On June 3, 2009, immediately upon viewing this aspersion, Captain Cantey immediately notified his fellow website officers, along with our great friends Nancy Hitt and Scott Morris. Together, we decided that we would all write messages registering our dissatisfaction with the inflammatory and demeaning wording used in these auction listings. We forwarded our objections directly to Mr. Cowan and then encouraged all of our fellow members to do the same. Donald Gilmore, one of our members, recently remarked that the U.S. military definition of "Terrorist" implies that violence was committed by someone to effect a political response. So, by this well-established definition, in no way do the actions or alleged actions ascribed to Ferguson by Cowan's auction conform to any reasonable definition of terrorism. The definition of terrorism is not one that you can apply to people you don't like. That is using it for a propaganda purpose.

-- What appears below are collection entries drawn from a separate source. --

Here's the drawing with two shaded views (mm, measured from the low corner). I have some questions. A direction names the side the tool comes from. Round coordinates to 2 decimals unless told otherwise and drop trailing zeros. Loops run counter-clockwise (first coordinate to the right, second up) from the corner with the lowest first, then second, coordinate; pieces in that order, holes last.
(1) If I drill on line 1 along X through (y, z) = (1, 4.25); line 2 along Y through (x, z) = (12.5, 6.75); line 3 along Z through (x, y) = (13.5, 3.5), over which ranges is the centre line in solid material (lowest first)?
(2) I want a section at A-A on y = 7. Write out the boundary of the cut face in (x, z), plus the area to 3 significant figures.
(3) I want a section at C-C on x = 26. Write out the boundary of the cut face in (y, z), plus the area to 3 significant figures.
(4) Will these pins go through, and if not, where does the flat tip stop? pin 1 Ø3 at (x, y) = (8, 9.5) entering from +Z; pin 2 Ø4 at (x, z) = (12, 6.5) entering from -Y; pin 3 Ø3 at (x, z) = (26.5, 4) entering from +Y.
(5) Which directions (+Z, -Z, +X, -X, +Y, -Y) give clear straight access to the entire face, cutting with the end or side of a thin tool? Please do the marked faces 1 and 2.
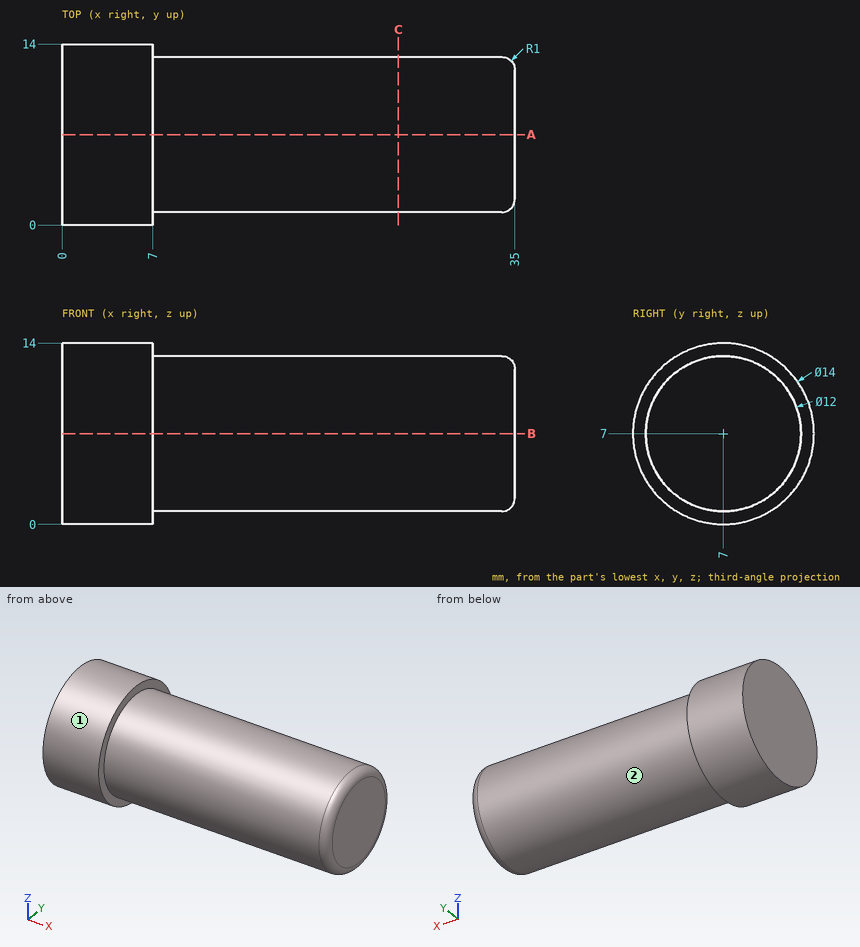
Filled sheet:
1. line 1: x = 0 to 7
1. line 2: y = 1.01 to 12.99
1. line 3: z = 2.13 to 11.87
2. outline: (0, 0) - (7, 0) - (7, 1) - (34, 1) arc R1 ccw to (35, 2) - (35, 12) arc R1 ccw to (34, 13) - (7, 13) - (7, 14) - (0, 14) - close
2. area: 434 mm2
3. outline: circle Ø12 at (7, 7)
3. area: 113 mm2
4. pin 1: stops at z = 13.86
4. pin 2: stops at y = 1
4. pin 3: stops at y = 12.81
5. face 1: +X, -X
5. face 2: +X

To his credit, Mr. Cowan answered most of the responses to his inappropriate wording directly. Moreover, he entered into a candid and frank discussion with Major Rick Mack, whom he has known for years. After they engaged in numerous discussions via the telephone and e-mail, on 02/11/09 we were all happy to receive the following message from Captain Mack:

"Brothers and Sisters: Please pass this on to the others who need to read this. Our e-mails did eventuate in a small change in Wes Cowan. It opened discussion into General Sherman and others [often associated with terrorism]. Notice in his blog that he only mentions Sherman, and not General Custer, who had his men kill old Indian men, women, children, and toddlers, their legs and their heads smashed on rocks like using them for the head of a hammer! Now that was real terror! In my reply to Wes I will mention the above facts about General Custer. He has sold many Custer related items and not in one instance has he described Custer as a "terrorist." I will not give up, or give in on this chat with Wes."

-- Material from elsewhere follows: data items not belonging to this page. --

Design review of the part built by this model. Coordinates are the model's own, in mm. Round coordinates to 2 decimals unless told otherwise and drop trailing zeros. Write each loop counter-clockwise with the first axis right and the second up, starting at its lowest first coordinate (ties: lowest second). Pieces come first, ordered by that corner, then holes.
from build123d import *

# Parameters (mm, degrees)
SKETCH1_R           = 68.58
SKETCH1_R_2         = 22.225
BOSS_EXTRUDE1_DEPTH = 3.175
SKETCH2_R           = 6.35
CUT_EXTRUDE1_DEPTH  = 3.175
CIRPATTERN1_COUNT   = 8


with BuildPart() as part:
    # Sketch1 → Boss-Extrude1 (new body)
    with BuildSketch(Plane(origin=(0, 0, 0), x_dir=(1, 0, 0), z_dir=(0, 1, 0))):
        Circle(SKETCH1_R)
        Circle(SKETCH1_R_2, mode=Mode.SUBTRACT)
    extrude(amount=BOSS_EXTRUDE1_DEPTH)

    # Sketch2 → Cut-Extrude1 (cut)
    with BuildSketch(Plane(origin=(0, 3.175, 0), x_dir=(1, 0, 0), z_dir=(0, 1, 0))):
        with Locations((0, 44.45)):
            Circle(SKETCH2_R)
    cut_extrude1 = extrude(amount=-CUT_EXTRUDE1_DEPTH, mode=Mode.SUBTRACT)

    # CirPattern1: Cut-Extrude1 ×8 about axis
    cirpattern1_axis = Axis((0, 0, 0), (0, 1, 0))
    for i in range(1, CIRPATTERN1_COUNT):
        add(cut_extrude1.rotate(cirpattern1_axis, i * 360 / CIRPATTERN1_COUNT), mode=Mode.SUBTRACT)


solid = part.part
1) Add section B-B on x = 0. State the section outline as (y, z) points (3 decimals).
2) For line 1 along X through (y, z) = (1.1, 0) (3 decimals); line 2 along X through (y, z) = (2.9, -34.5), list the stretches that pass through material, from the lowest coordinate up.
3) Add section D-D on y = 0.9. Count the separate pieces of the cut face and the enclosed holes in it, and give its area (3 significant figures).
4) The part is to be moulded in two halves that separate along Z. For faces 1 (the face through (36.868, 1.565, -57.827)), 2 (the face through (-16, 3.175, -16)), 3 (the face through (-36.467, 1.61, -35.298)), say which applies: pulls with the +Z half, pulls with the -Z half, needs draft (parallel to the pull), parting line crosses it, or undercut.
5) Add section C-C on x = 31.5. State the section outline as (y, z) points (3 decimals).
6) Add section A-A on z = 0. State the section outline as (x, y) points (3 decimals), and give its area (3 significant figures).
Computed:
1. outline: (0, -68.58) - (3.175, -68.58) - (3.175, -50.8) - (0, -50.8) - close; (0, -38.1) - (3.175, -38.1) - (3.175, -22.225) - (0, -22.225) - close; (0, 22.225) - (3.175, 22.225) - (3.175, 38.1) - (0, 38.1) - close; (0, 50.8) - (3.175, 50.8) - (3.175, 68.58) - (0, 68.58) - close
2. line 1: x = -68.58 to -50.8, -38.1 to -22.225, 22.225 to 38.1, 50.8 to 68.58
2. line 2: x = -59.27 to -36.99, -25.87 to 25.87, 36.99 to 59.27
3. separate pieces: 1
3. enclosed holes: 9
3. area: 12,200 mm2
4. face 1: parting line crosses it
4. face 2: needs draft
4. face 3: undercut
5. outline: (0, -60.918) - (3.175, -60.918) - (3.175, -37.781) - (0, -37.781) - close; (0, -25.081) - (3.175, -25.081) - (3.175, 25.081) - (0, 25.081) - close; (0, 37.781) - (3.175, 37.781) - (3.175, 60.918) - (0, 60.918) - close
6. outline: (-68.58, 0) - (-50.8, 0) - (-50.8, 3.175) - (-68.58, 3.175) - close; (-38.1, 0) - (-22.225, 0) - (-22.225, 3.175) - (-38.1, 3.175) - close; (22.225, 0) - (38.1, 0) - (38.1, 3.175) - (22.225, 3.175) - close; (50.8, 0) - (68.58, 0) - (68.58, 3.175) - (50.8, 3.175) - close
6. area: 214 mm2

The end result is this: by simply refusing to sit back and do nothing while the honor and reputation of another Confederate hero was destroyed, we were able to affect another change, albeit a small one. We should be proud of another victory in the never-ending battle against the demonizing or our beloved South. We must realize that all these small victories against propaganda attacks against the South and its people add up. We are making a big difference, despite the fact these changes happen much slower than we might like.

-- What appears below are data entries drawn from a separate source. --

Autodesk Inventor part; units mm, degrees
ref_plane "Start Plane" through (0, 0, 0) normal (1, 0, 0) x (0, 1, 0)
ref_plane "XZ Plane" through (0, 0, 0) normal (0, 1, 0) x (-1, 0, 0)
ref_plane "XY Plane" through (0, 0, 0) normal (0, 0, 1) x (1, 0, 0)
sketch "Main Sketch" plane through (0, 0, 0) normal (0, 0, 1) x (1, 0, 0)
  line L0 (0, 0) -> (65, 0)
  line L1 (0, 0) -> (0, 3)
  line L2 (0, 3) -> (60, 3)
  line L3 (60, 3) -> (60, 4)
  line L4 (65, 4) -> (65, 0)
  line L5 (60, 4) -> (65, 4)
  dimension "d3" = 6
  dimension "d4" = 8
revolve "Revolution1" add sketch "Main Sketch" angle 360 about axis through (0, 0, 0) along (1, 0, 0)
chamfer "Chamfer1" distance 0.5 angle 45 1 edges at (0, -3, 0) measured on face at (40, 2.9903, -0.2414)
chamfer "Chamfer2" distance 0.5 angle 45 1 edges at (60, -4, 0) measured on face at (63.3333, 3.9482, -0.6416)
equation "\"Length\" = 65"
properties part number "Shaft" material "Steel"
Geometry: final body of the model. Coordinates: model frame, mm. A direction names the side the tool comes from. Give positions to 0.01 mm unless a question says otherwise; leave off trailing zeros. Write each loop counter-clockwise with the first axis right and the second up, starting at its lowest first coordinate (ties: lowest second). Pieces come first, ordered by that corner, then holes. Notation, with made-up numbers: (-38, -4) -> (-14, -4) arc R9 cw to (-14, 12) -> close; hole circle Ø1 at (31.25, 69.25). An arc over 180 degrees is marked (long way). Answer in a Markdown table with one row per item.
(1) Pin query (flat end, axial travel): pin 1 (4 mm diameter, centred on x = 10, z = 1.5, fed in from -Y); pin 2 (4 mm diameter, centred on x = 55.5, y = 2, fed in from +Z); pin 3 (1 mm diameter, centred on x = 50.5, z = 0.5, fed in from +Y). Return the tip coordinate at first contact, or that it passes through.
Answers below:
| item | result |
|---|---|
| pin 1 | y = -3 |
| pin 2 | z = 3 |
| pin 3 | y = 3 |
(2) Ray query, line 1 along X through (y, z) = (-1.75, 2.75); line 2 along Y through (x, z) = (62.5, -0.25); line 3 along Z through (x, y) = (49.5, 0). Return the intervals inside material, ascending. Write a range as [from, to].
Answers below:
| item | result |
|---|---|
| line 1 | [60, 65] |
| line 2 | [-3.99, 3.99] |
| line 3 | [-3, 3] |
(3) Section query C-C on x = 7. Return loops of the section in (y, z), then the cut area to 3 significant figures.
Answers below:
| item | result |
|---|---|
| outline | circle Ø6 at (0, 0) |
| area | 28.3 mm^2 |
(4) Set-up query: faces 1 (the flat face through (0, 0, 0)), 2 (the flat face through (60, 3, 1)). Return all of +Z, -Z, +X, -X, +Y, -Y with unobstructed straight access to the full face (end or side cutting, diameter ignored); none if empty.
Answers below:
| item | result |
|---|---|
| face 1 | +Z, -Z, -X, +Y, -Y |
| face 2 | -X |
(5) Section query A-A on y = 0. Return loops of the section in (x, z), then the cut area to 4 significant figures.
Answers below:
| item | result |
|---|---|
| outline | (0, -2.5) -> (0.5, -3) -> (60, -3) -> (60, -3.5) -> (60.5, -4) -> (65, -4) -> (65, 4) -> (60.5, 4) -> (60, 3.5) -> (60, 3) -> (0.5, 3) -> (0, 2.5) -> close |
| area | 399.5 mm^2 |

Moreover, this is a great example of teamwork. Major Emory uncovered the abuse, and our officers and selected friends worked together to coordinated our responses. Next, Rick kept up the pressure by refusing to let the matter die. On behalf of the membership, I want to thank everyone who responded to Mr. Cowan, but especially Major Rick Mack and Major Emory Cantey.

There is no doubt that in this example the coordinated, repetitive public response was just what the doctor ordered. On the other hand, just like when David slew Goliath, there are times one individual can overcome obstacles others have found impossible to defeat. In my mind, there is no better example than our own Lt. Nancy Hitt.

Nancy is always more than willing to help with any project that will help defend and preserve the honor and memory of our Southern forefathers. She has been an active participant in many of the projects undertaken by the United Daughters of the Confederacy and numerous other organizations, for far longer than she'd like to admit. And I can assure you that Nancy Hitt is ready, willing, and more than able to go it alone if that is what is needed to get the job done.

I'd like to tell you the exact number of Confederate headstones and monuments she has had a hand in placing, but I can't because if she knows the exact number she isn't willing to share it. However I do know besides the numerous rebels she has honored in her home state of Kentucky, she has had stones placed in Missouri, New York, and even foreign lands, including Poland. Likewise, I'd love to share with you all the awards and honors she has won for her efforts in preserving our Confederate heritage. Once I saw a partial list, and it looked like a copy of the 2009 Federal budget. But I can't find it now, and Nancy is far too modest and unassuming to toot her own horn.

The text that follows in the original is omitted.